According to the technical scheme, a leukocyte antigen sequence and a peptide fragment sequence of a tumor patient are obtained; inputting the leukocyte antigen sequence and the peptide fragment sequence into a trained affinity score prediction model to obtain affinity scores of the leukocyte antigen sequence and the peptide fragment sequence; the affinity scores of the leukocyte antigen sequences and the peptide sequences can be automatically determined, a metering feature matrix is not required to be constructed based on similar motif setting features or contribution setting scores of each motif, features can be automatically extracted through an affinity score prediction model, deeper features can be extracted, and therefore accuracy of the affinity scores is improved; when the affinity score reaches a preset threshold value, the peptide sequence is determined to be the tumor neoantigen, so that the accuracy of predicting the tumor neoantigen is improved, the false positive phenomenon of screening the tumor neoantigen is reduced, the problem of low accuracy and efficiency of determining the tumor neoantigen is solved, the accuracy and efficiency of determining the tumor neoantigen are improved, and the labor cost is reduced.
Example III
Fig. 6 is a block diagram of a tumor neoantigen predicting apparatus according to a third embodiment of the present invention, where the tumor neoantigen predicting apparatus includes: a sequence acquisition module 310, an affinity score acquisition module 320, and a tumor neoantigen determination module 330.

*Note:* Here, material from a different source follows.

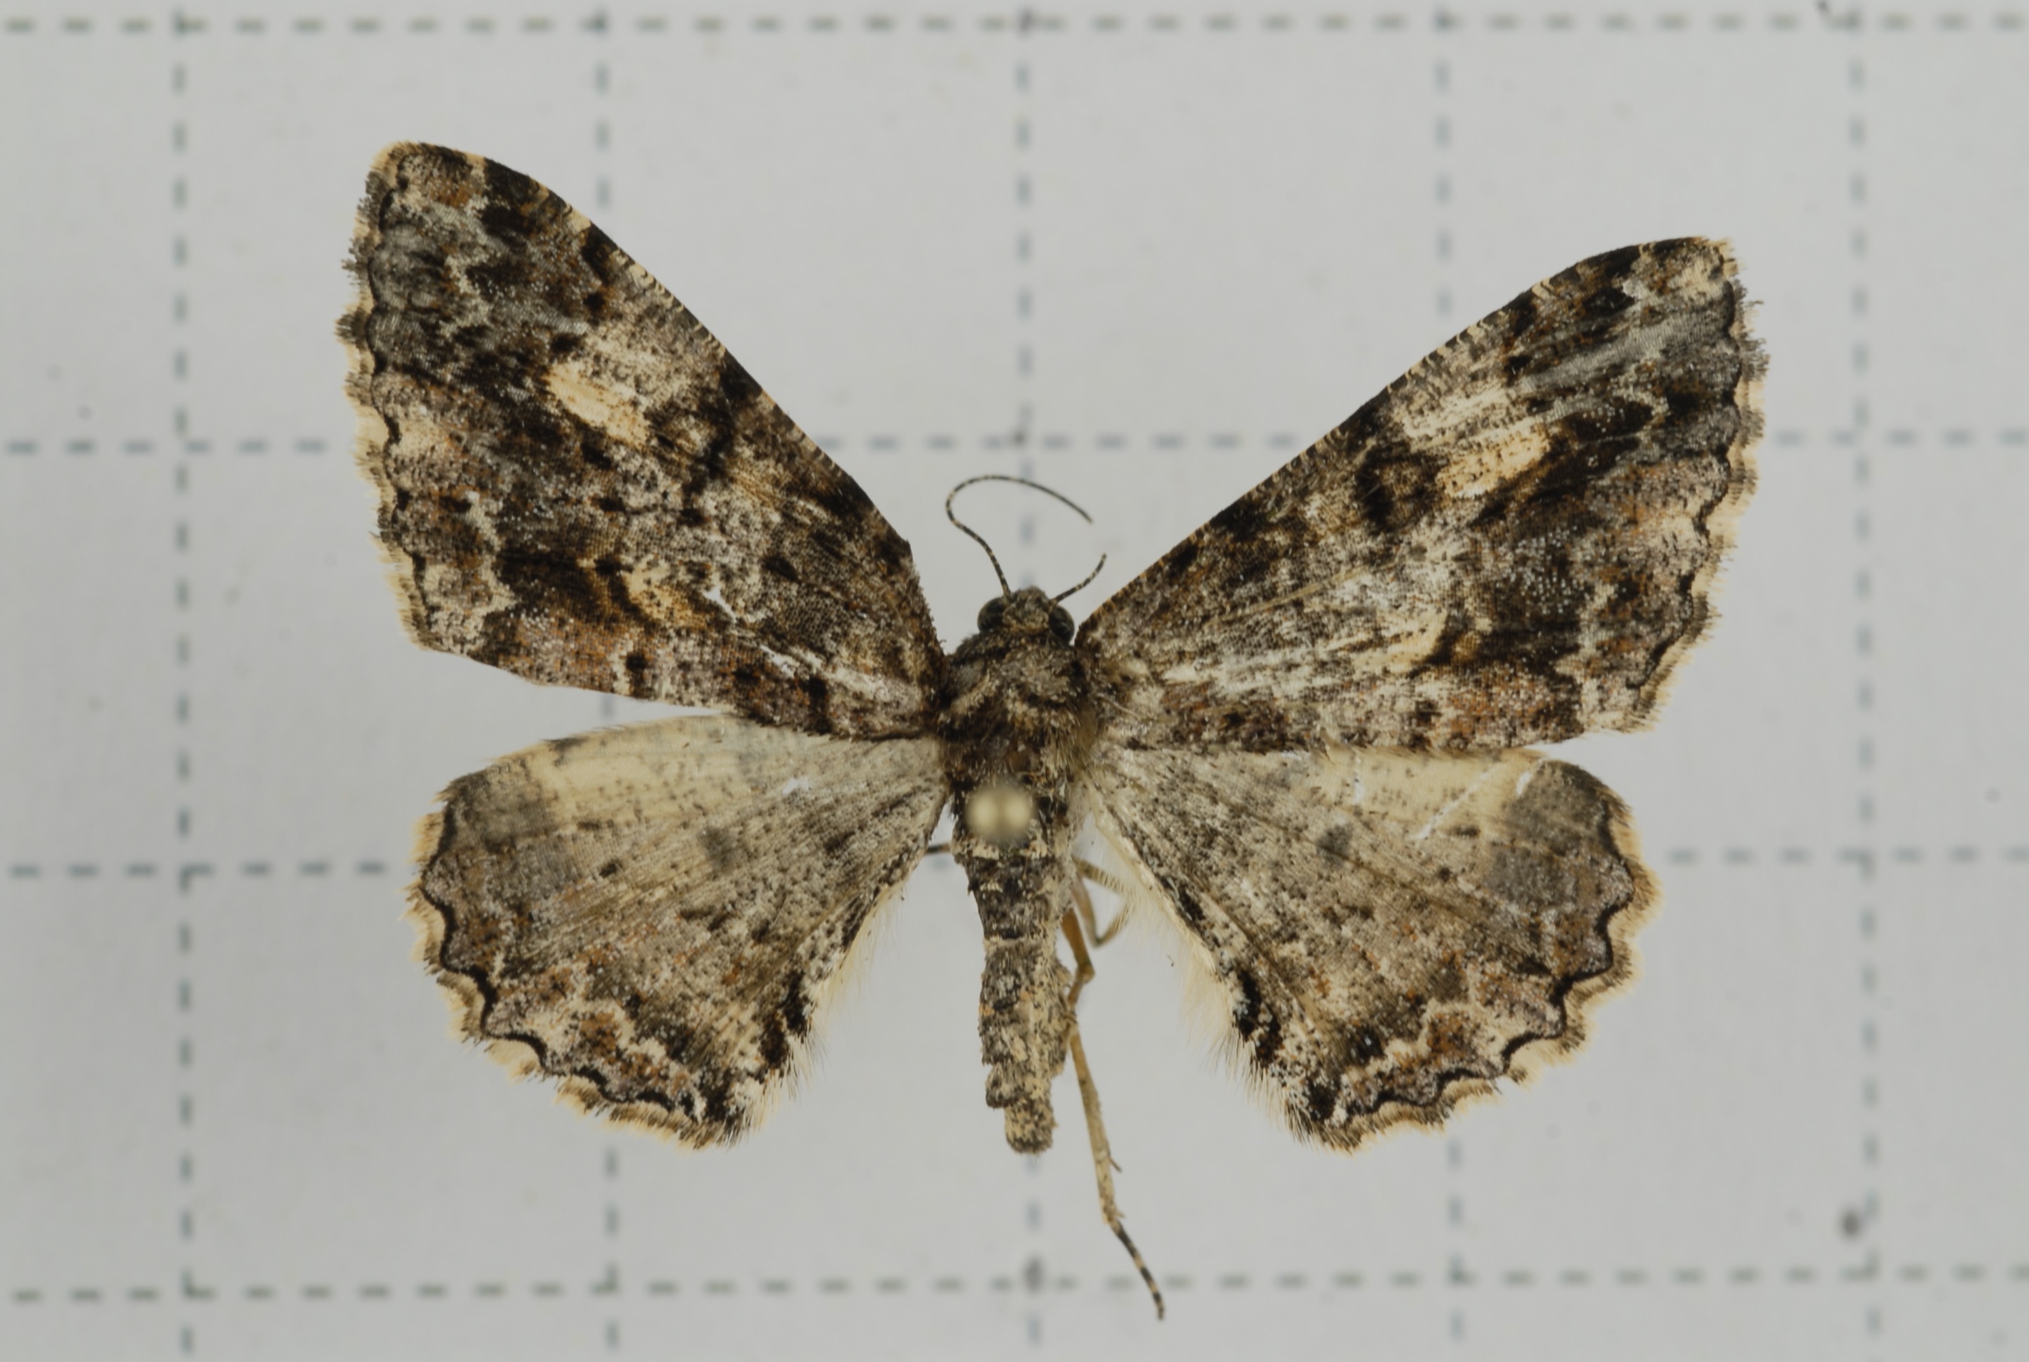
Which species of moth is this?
Alcis taiwanovariegata

The sequence acquisition module 310 is used for acquiring a leukocyte antigen sequence and a peptide fragment sequence of a tumor patient; the affinity score obtaining module 320 is configured to input the leukocyte antigen sequence and the peptide fragment sequence into a trained prediction model, so as to obtain affinity scores of the leukocyte antigen sequence and the peptide fragment sequence; a tumor neoantigen determination module 330 for determining whether the peptide fragment sequence is a tumor neoantigen based on the affinity score.
Optionally, the affinity score prediction model includes an encoder and a decoder;
in the foregoing embodiment, the affinity score obtaining module 320 includes:
a sequence code generating unit for encoding the leukocyte antigen sequence and the peptide sequence by the encoder to obtain a sequence code;
and the affinity score determining unit is used for determining the affinity score according to the sequence codes through the decoder.

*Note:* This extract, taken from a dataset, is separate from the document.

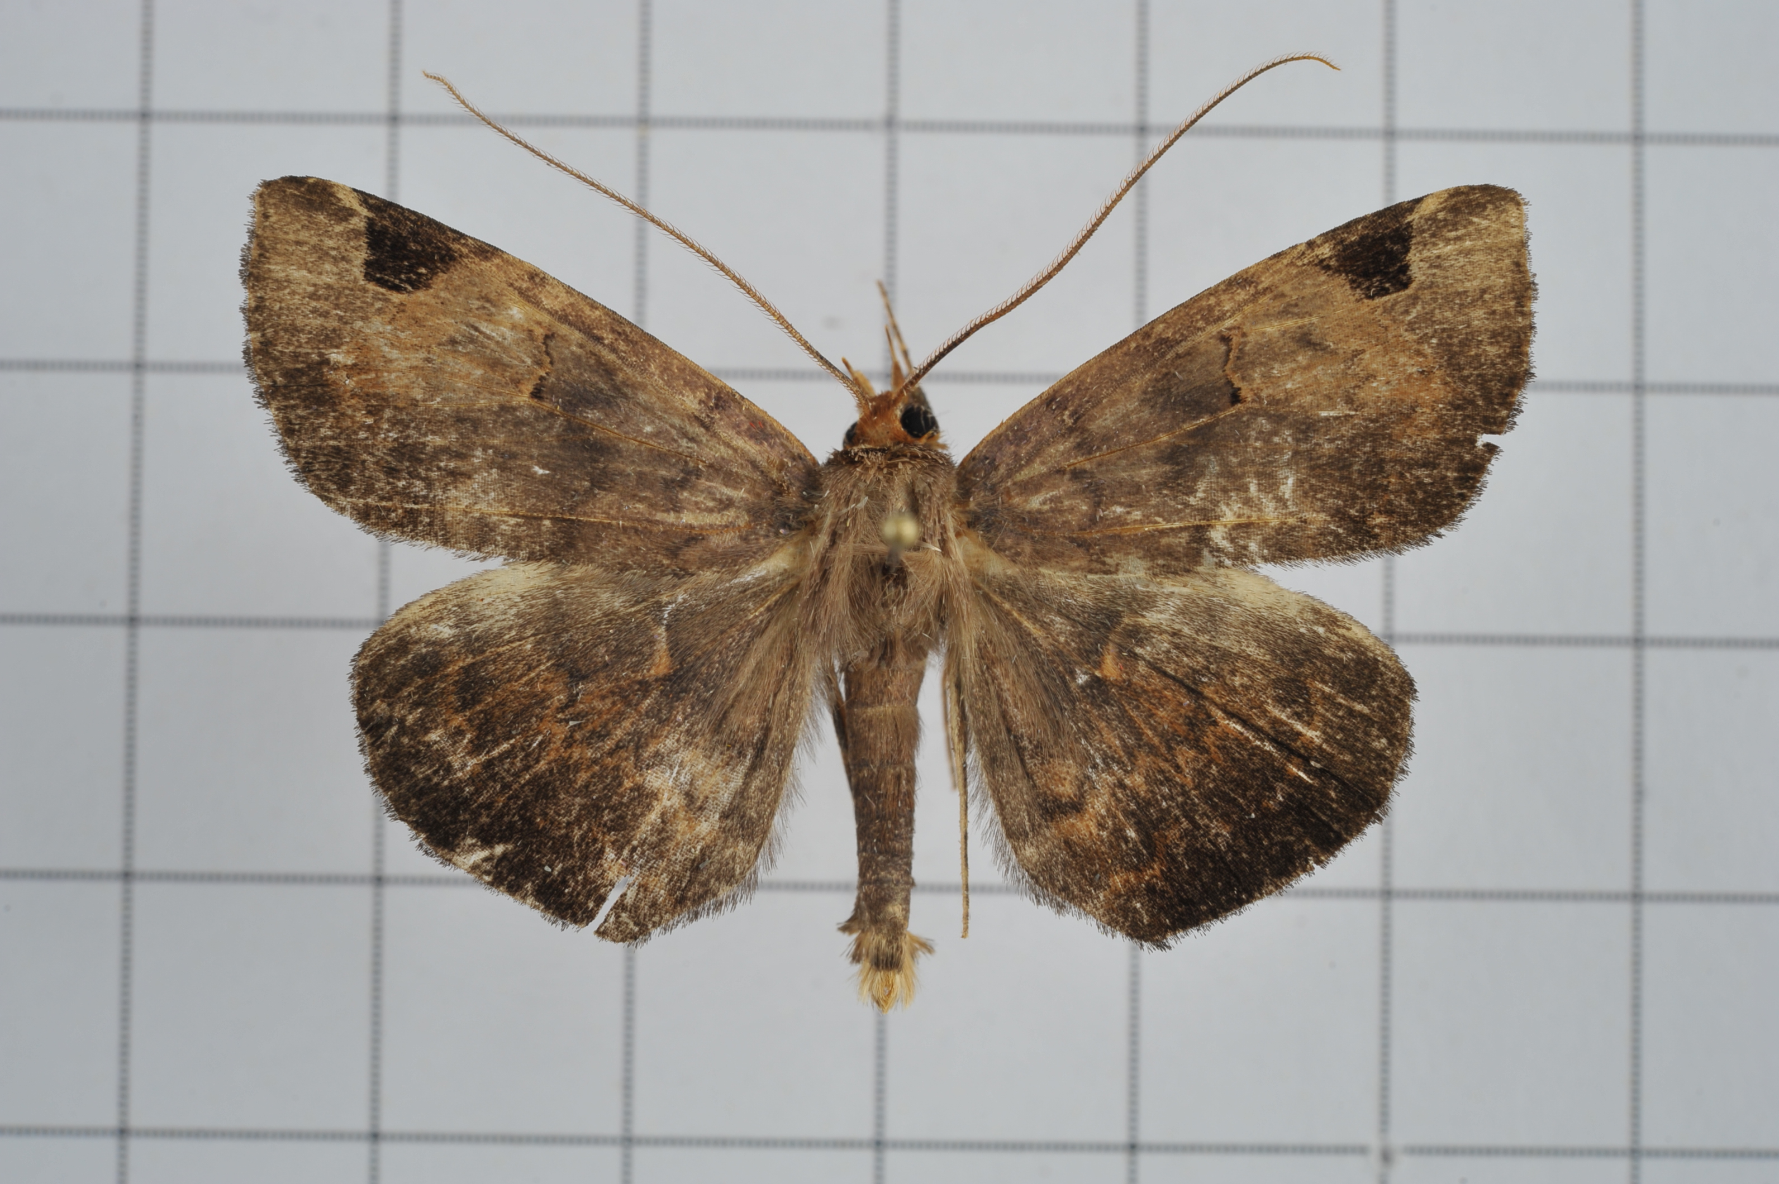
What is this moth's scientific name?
Mecodina praecipua

In the technical solution of the above embodiment, the sequence code generating unit includes:
a spliced sequence generation subunit, configured to splice the leukocyte antigen sequence and the peptide fragment sequence through the encoder to obtain a spliced sequence;
and the sequence code generation subunit is used for coding the spliced sequence through the coder to obtain a sequence code.
Optionally, the decoder is constructed based on a gating mechanism and an attention mechanism.

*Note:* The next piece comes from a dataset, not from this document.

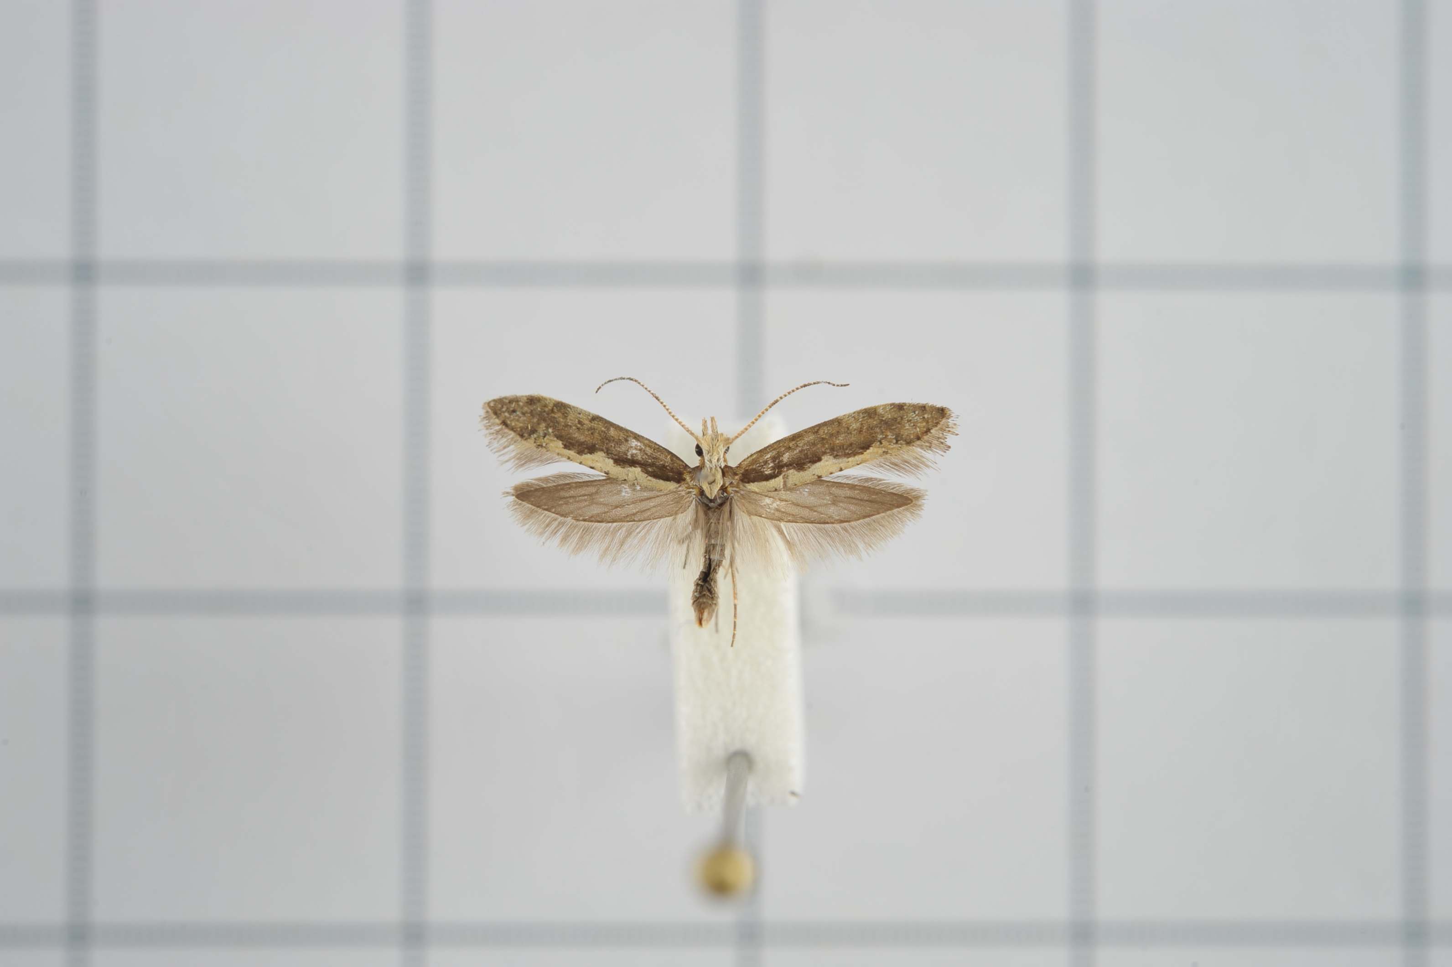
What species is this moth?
Plutella xylostella

In the technical solution of the above embodiment, the affinity score determining unit includes:
a target sequence feature extraction subunit, configured to extract, by using the decoder, a target sequence feature according to the sequence code;
and the affinity score determining subunit is used for determining the affinity score according to the target sequence characteristics.
In the technical solution of the foregoing embodiment, the target sequence feature extraction subunit includes:
a sequence feature extraction subunit for extracting sequence features from the sequence codes based on the gating mechanism by the decoder;
a screening sequence feature obtaining subunit, configured to screen the sequence feature by using the decoder based on the attention mechanism, to obtain a screening sequence feature;
and the feature extraction subunit is used for carrying out feature extraction processing on the screening sequence features based on the gating mechanism through the decoder to obtain target sequence features.
In the above embodiment, the tumor neoantigen determining module 330 is specifically configured to determine that the peptide sequence is the tumor neoantigen when the affinity score reaches a preset threshold.
According to the technical scheme, a leukocyte antigen sequence and a peptide fragment sequence of a tumor patient are obtained; inputting the leukocyte antigen sequence and the peptide fragment sequence into a trained affinity score prediction model to obtain affinity scores of the leukocyte antigen sequence and the peptide fragment sequence; the affinity scores of the leukocyte antigen sequences and the peptide sequences can be automatically determined, a metering feature matrix is not required to be constructed based on similar motif setting features or contribution setting scores of each motif, features can be automatically extracted through an affinity score prediction model, deeper features can be extracted, and therefore accuracy of the affinity scores is improved; whether the peptide sequence is a tumor neoantigen or not is determined according to the affinity score, so that the false positive phenomenon of screening of the tumor neoantigen is reduced, the problem of low accuracy and efficiency of determining the tumor neoantigen is solved, and the effects of improving the accuracy and efficiency of determining the tumor neoantigen and reducing the complexity of a program and the labor cost are achieved.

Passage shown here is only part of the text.